Taking insulin shots helps correct the balance between blood sugar and insulin in the body. All people with type 1 diabetes need to take insulin. Some people with type 2 diabetes take insulin.

Can insulin be taken as a pill instead of a shot?

No. At this time, insulin is available only as an injection. If insulin was swallowed, it would be destroyed by the digestive system. It needs to be injected into the fat under the skin.

Most people who need insulin use syringes to give themselves shots. Some people use insulin pens, pumps, or jet injectors. Experts keep looking for easier ways to take insulin.

Is all insulin the same?

No. There are four different types. The types are based on how quickly they work (onset) and how long they work (duration).
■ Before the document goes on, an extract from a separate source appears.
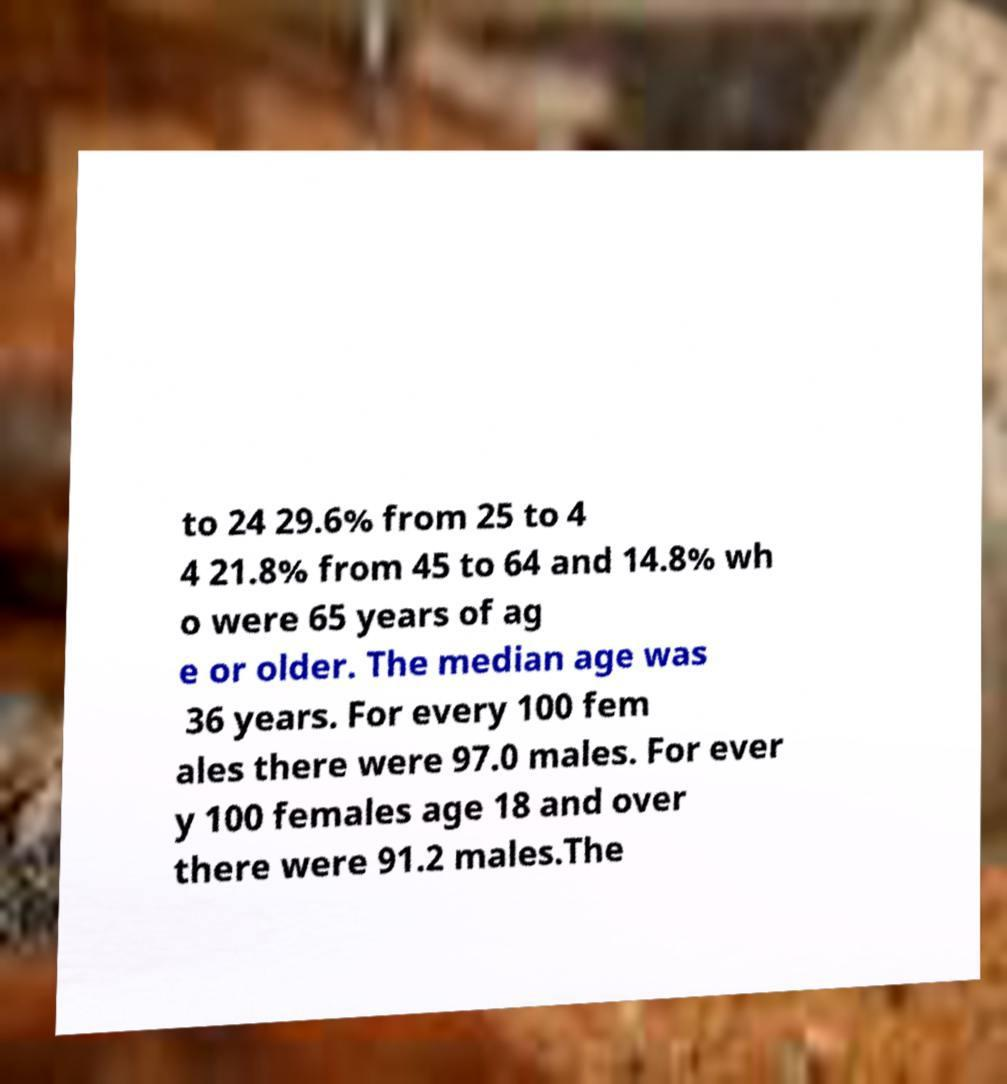There's text embedded in this image that I need extracted. Can you transcribe it verbatim? to 24 29.6% from 25 to 4 4 21.8% from 45 to 64 and 14.8% wh o were 65 years of ag e or older. The median age was 36 years. For every 100 fem ales there were 97.0 males. For ever y 100 females age 18 and over there were 91.2 males.The

  • Rapid-acting insulin starts to work 5 minutes after it’s injected and keeps working for 2 to 4 hours.
  • Short-acting insulin starts to work within 30 minutes and keeps working for 3 to 6 hours.
  • Intermediate-acting insulin starts to work within 2 to 4 hours and keeps working for 12 to 18 hours.
  • Long-acting basal insulin starts to work within 1 hour and keeps working for 20 to 26 hours.

There are over 20 different insulin products. Many people use an insulin product that combines either a rapid- or short-acting insulin with an intermediate-acting one. This is often the best way to keep blood sugar at an even level.

Does insulin cause side effects?

Insulin can cause:

  • Low blood sugar
  • Weight gain

Taking too much insulin can cause blood sugar to drop too low. This can be dangerous. That’s why it’s important to always check blood sugar before taking an insulin shot.